Shannon E. Baker and Connie B. Baker, pro se.
Leslie K. Rosenfeld, Leon G. Kusnetzky, P.C., Kansas City, Mo., for St. Joseph Postal Employees' Credit Union.
MEMORANDUM OPINION
Debtors in this case are seeking to avoid the St. Joseph Postal Employees' Credit Union's ("the Credit Union") lien under 11 U.S.C. § 522(f)(2)(B), claiming that the 1986 Chevrolet Astro Van is a tool of Debtors' trade, and that the Credit Union's lien has lost its purchase money security interest status. Trial was held on April 17, 1992, at which Debtors represented themselves, and the Credit Union was represented by Leslie K. Rosenfeld. For the reasons to be stated, I find in favor of Debtors.

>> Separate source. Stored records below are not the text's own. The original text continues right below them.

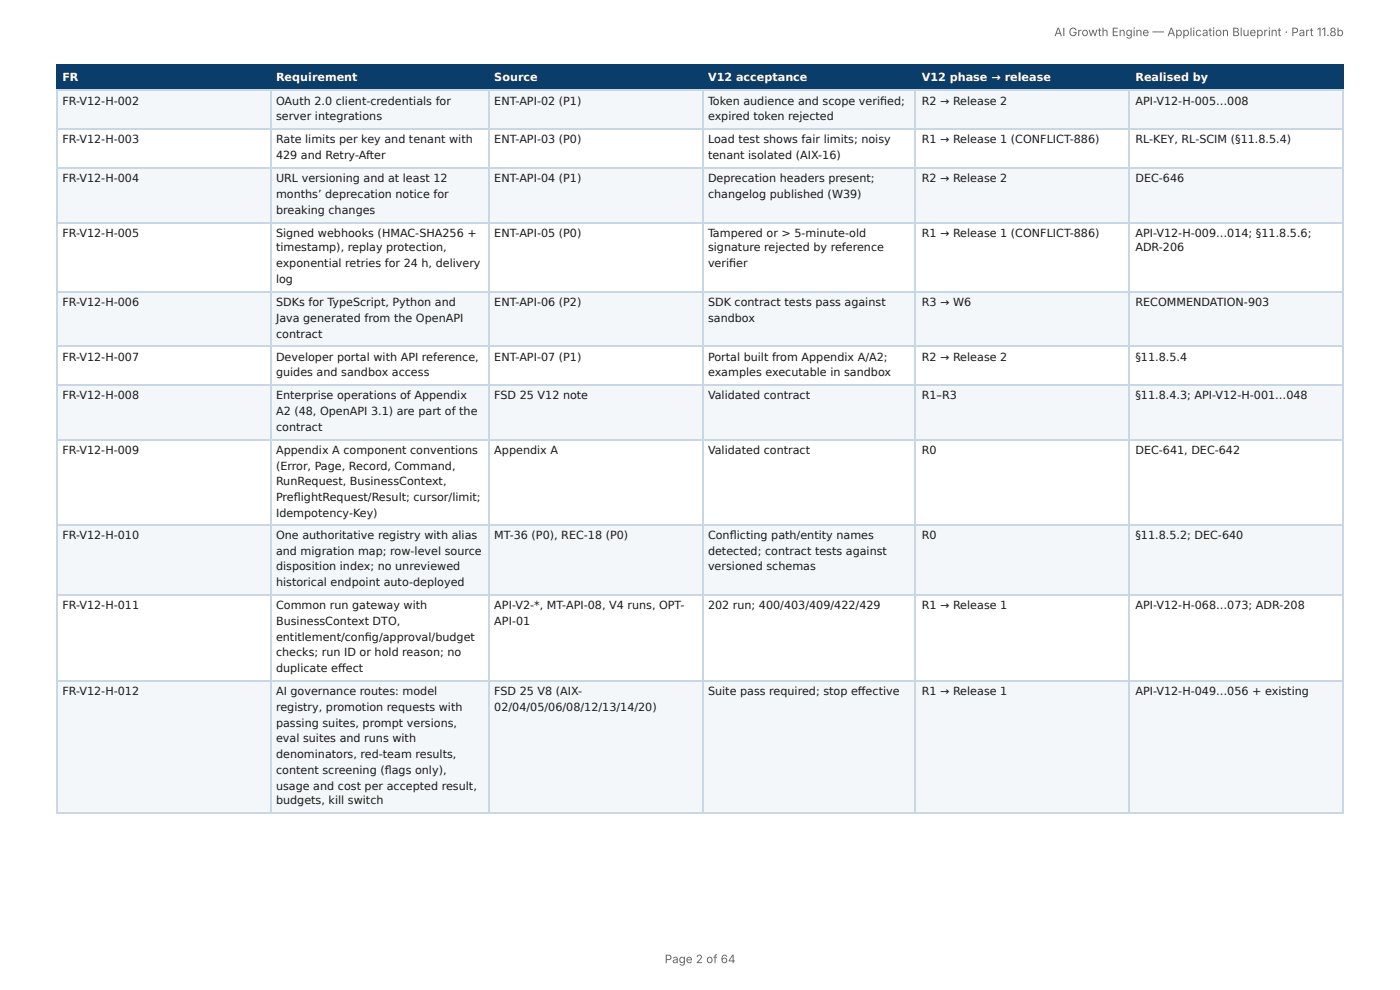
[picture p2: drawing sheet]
<svg xmlns="http://www.w3.org/2000/svg" width="297mm" height="210mm" viewBox="0 0 297 210" stroke-linecap="round" stroke-linejoin="round" font-family="sans-serif">
<defs><g id="words">
<g font-size="2.5" fill="#666">
<text x="223.9" y="7.7">AI Growth Engine — Application Blueprint · Part 11.8b</text>
<text x="141.2" y="204.5">Page 2 of 64</text>
</g>
<g font-size="2.4" fill="#fff">
<text x="13.2" y="17.1">FR</text>
<text x="58.6" y="17.1">Requirement</text>
<text x="105" y="17.1">Source</text>
<text x="150.4" y="17.1">V12 acceptance</text>
<text x="195.8" y="17.1">V12 phase → release</text>
<text x="241.2" y="17.1">Realised by</text>
</g>
<g font-size="2.4" fill="#1a1a1a">
<text x="13.2" y="22.2">FR-V12-H-002</text>
<text x="58.6" y="22.2">OAuth 2.0 client-credentials for</text>
<text x="105" y="22.2">ENT-API-02 (P1)</text>
<text x="150.4" y="22.2">Token audience and scope verifi ed;</text>
<text x="195.8" y="22.2">R2 → Release 2</text>
<text x="241.2" y="22.2">API-V12-H-005…008</text>
<text x="58.6" y="25.6">server integrations</text>
<text x="150.4" y="25.6">expired token rejected</text>
<text x="13.2" y="30.5">FR-V12-H-003</text>
<text x="58.6" y="30.5">Rate limits per key and tenant with</text>
<text x="58.6" y="33.8">429 and Retry-After</text>
<text x="105" y="30.5">ENT-API-03 (P0)</text>
<text x="150.4" y="30.5">Load test shows fair limits; noisy</text>
<text x="150.4" y="33.8">tenant isolated (AIX-16)</text>
<text x="195.8" y="30.5">R1 → Release 1 (CONFLICT-886)</text>
<text x="241.2" y="30.5">RL-KEY, RL-SCIM (§11.8.5.4)</text>
<text x="13.2" y="38.7">FR-V12-H-004</text>
<text x="58.6" y="38.7">URL versioning and at least 12</text>
<text x="105" y="38.7">ENT-API-04 (P1)</text>
<text x="150.4" y="38.7">Deprecation headers present;</text>
<text x="195.8" y="38.7">R2 → Release 2</text>
<text x="241.2" y="38.7">DEC-646</text>
<text x="58.6" y="42">months’ deprecation notice for</text>
<text x="58.6" y="45.4">breaking changes</text>
<text x="150.4" y="42">changelog published (W39)</text>
<text x="13.2" y="50.3">FR-V12-H-005</text>
<text x="58.6" y="50.3">Signed webhooks (HMAC-SHA256 +</text>
<text x="58.6" y="53.4">timestamp), replay protection,</text>
<text x="105" y="50.3">ENT-API-05 (P0)</text>
<text x="150.4" y="50.3">Tampered or &gt; 5-minute-old</text>
<text x="150.4" y="53.4">signature rejected by reference</text>
<text x="195.8" y="50.3">R1 → Release 1 (CONFLICT-886)</text>
<text x="241.2" y="50.3">API-V12-H-009…014; §11.8.5.6;</text>
<text x="241.2" y="53.4">ADR-206</text>
<text x="58.6" y="56.7">exponential retries for 24 h, delivery</text>
<text x="150.4" y="56.7">verifi er</text>
<text x="13.2" y="65">FR-V12-H-006</text>
<text x="58.6" y="60.1">log</text>
<text x="58.6" y="65">SDKs for TypeScript, Python and</text>
<text x="105" y="65">ENT-API-06 (P2)</text>
<text x="150.4" y="65">SDK contract tests pass against</text>
<text x="195.8" y="65">R3 → W6</text>
<text x="241.2" y="65">RECOMMENDATION-903</text>
<text x="58.6" y="68.3">Java generated from the OpenAPI</text>
<text x="58.6" y="71.7">contract</text>
<text x="150.4" y="68.3">sandbox</text>
<text x="13.2" y="76.6">FR-V12-H-007</text>
<text x="58.6" y="76.6">Developer portal with API reference,</text>
<text x="105" y="76.6">ENT-API-07 (P1)</text>
<text x="150.4" y="76.6">Portal built from Appendix A/A2;</text>
<text x="195.8" y="76.6">R2 → Release 2</text>
<text x="241.2" y="76.6">§11.8.5.4</text>
<text x="58.6" y="79.9">guides and sandbox access</text>
<text x="150.4" y="79.9">examples executable in sandbox</text>
<text x="13.2" y="84.8">FR-V12-H-008</text>
<text x="58.6" y="84.8">Enterprise operations of Appendix</text>
<text x="58.6" y="88.2">A2 (48, OpenAPI 3.1) are part of the</text>
<text x="105" y="84.8">FSD 25 V12 note</text>
<text x="150.4" y="84.8">Validated contract</text>
<text x="195.8" y="84.8">R1–R3</text>
<text x="241.2" y="84.8">§11.8.4.3; API-V12-H-001…048</text>
<text x="58.6" y="91.5">contract</text>
<text x="13.2" y="96.4">FR-V12-H-009</text>
<text x="58.6" y="96.4">Appendix A component conventions</text>
<text x="58.6" y="99.7">(Error, Page, Record, Command,</text>
<text x="105" y="96.4">Appendix A</text>
<text x="150.4" y="96.4">Validated contract</text>
<text x="195.8" y="96.4">R0</text>
<text x="241.2" y="96.4">DEC-641, DEC-642</text>
<text x="58.6" y="103.1">RunRequest, BusinessContext,</text>
<text x="58.6" y="106.4">Prefl ightRequest/Result; cursor/limit;</text>
<text x="58.6" y="109.8">Idempotency-Key)</text>
<text x="13.2" y="114.4">FR-V12-H-010</text>
<text x="58.6" y="114.4">One authoritative registry with alias</text>
<text x="58.6" y="117.8">and migration map; row-level source</text>
<text x="105" y="114.4">MT-36 (P0), REC-18 (P0)</text>
<text x="150.4" y="114.4">Confl icting path/entity names</text>
<text x="150.4" y="117.8">detected; contract tests against</text>
<text x="195.8" y="114.4">R0</text>
<text x="241.2" y="114.4">§11.8.5.2; DEC-640</text>
<text x="58.6" y="121.1">disposition index; no unreviewed</text>
<text x="58.6" y="124.5">historical endpoint auto-deployed</text>
<text x="150.4" y="121.1">versioned schemas</text>
<text x="13.2" y="129.4">FR-V12-H-011</text>
<text x="58.6" y="129.4">Common run gateway with</text>
<text x="105" y="129.4">API-V2-*, MT-API-08, V4 runs, OPT-</text>
<text x="150.4" y="129.4">202 run; 400/403/409/422/429</text>
<text x="195.8" y="129.4">R1 → Release 1</text>
<text x="241.2" y="129.4">API-V12-H-068…073; ADR-208</text>
<text x="58.6" y="132.7">BusinessContext DTO,</text>
<text x="58.6" y="136">entitlement/confi g/approval/budget</text>
<text x="105" y="132.7">API-01</text>
<text x="58.6" y="139.4">checks; run ID or hold reason; no</text>
<text x="58.6" y="142.7">duplicate eff ect</text>
<text x="13.2" y="147.6">FR-V12-H-012</text>
<text x="58.6" y="147.6">AI governance routes: model</text>
<text x="105" y="147.6">FSD 25 V8 (AIX-</text>
<text x="150.4" y="147.6">Suite pass required; stop eff ective</text>
<text x="195.8" y="147.6">R1 → Release 1</text>
<text x="241.2" y="147.6">API-V12-H-049…056 + existing</text>
<text x="58.6" y="151">registry, promotion requests with</text>
<text x="58.6" y="154.3">passing suites, prompt versions,</text>
<text x="105" y="151">02/04/05/06/08/12/13/14/20)</text>
<text x="58.6" y="157.6">eval suites and runs with</text>
<text x="58.6" y="161">denominators, red-team results,</text>
<text x="58.6" y="164.3">content screening (fl ags only),</text>
<text x="58.6" y="167.7">usage and cost per accepted result,</text>
<text x="58.6" y="170.8">budgets, kill switch</text>
</g>
</g></defs>
<g fill="#0b3d6b">
<path d="M12.1 14h45.2v5.1h-45.2z"/>
<path d="M57.3 14h46.4v5.1h-46.4z"/>
<path d="M103.7 14h45.4v5.1h-45.4z"/>
<path d="M149.1 14h45.4v5.1h-45.4z"/>
<path d="M194.5 14h45.5v5.1h-45.5z"/>
<path d="M240 14h45.4v5.1h-45.4z"/>
</g>
<g fill="#f4f7fa">
<path d="M12.1 19.1h45.2v8.2h-45.2z"/>
<path d="M57.3 19.1h46.4v8.2h-46.4z"/>
<path d="M103.7 19.1h45.4v8.2h-45.4z"/>
<path d="M149.1 19.1h45.4v8.2h-45.4z"/>
<path d="M194.5 19.1h45.5v8.2h-45.5z"/>
<path d="M240 19.1h45.4v8.2h-45.4z"/>
<path d="M12.1 35.6h45.2v11.6h-45.2z"/>
<path d="M57.3 35.6h46.4v11.6h-46.4z"/>
<path d="M103.7 35.6h45.4v11.6h-45.4z"/>
<path d="M149.1 35.6h45.4v11.6h-45.4z"/>
<path d="M194.5 35.6h45.5v11.6h-45.5z"/>
<path d="M240 35.6h45.4v11.6h-45.4z"/>
<path d="M12.1 62.1h45.2v11.6h-45.2z"/>
<path d="M57.3 62.1h46.4v11.6h-46.4z"/>
<path d="M103.7 62.1h45.4v11.6h-45.4z"/>
<path d="M149.1 62.1h45.4v11.6h-45.4z"/>
<path d="M194.5 62.1h45.5v11.6h-45.5z"/>
<path d="M240 62.1h45.4v11.6h-45.4z"/>
<path d="M12.1 81.7h45.2v11.6h-45.2z"/>
<path d="M57.3 81.7h46.4v11.6h-46.4z"/>
<path d="M103.7 81.7h45.4v11.6h-45.4z"/>
<path d="M149.1 81.7h45.4v11.6h-45.4z"/>
<path d="M194.5 81.7h45.5v11.6h-45.5z"/>
<path d="M240 81.7h45.4v11.6h-45.4z"/>
<path d="M12.1 111.5h45.2v15h-45.2z"/>
<path d="M57.3 111.5h46.4v15h-46.4z"/>
<path d="M103.7 111.5h45.4v15h-45.4z"/>
<path d="M149.1 111.5h45.4v15h-45.4z"/>
<path d="M194.5 111.5h45.5v15h-45.5z"/>
<path d="M240 111.5h45.4v15h-45.4z"/>
<path d="M12.1 144.5h45.2v28.3h-45.2z"/>
<path d="M57.3 144.5h46.4v28.3h-46.4z"/>
<path d="M103.7 144.5h45.4v28.3h-45.4z"/>
<path d="M149.1 144.5h45.4v28.3h-45.4z"/>
<path d="M194.5 144.5h45.5v28.3h-45.5z"/>
<path d="M240 144.5h45.4v28.3h-45.4z"/>
</g>
<path d="M11.9 13.9h273.5M11.9 19.2h273.5M12 13.8v5.5M57.5 13.8v5.5M103.8 13.8v5.5M149.2 13.8v5.5M194.4 13.8v5.5M239.9 13.8v5.5" fill="none" stroke="#0b3d6b" stroke-width=".22"/>
<path d="M285.3 13.8v5.5" fill="none" stroke="#0b3d6b" stroke-width=".21"/>
<g fill="none" stroke="#c9d6e3" stroke-width=".22">
<path d="M11.9 19.2h273.5M12 19.3v153.5M57.5 19.3v153.5M103.8 19.3v153.5M149.2 19.3v153.5M194.4 19.3v153.5M239.9 19.3v153.5M11.9 27.5h273.5M11.9 35.7h273.5M11.9 47.3h273.5M11.9 62h273.5M11.9 73.6h273.5"/>
<path d="M11.9 81.8h273.5M11.9 93.4h273.5M11.9 111.4h273.5M11.9 126.4h273.5M11.9 144.6h273.5M11.9 172.7h273.5"/>
</g>
<path d="M285.3 19.3v153.5" fill="none" stroke="#c9d6e3" stroke-width=".21"/>
<use href="#words"/>
</svg>

On or about July 29, 1986, Debtors obtained a loan from the Credit Union for the purchase of a 1986 Chevrolet Astro Van ("the Van"). The amount loaned was $11,878, payable over five years with an interest rate of 10%. The Credit Union was granted a valid security interest in such vehicle. On or about April 11, 1990, Debtors contacted the Credit Union and requested an advance of an additional $2,000, to be used to purchase a used Oldsmobile. Rather than having Debtors execute a separate note, the credit officer suggested that the original obligation, and the new one, be rolled into one note with one monthly payment. At that point, the 1986 note had been paid down to $3,928.34, so the total amount of the April 1990 note was $5,928.34. In the process, the interest rate charged Debtors was raised to 12%. This rewritten note was to be paid over a period of 36 months.
In October 1990, Debtors requested an additional advance, this time to begin a business in Jamesport, Missouri. Debtors were advanced $1,200, and once again that obligation, together with the balance of the April 1990 note, was rolled into a new note, this time with interest at a rate of 11.75%, payable over 48 months. The amount of such note was $6,380. The Credit Union took no additional collateral for either of the rewritten notes. It should be noted that at certain times since 1986, Debtors also had a separate line of credit obligation to the Credit Union.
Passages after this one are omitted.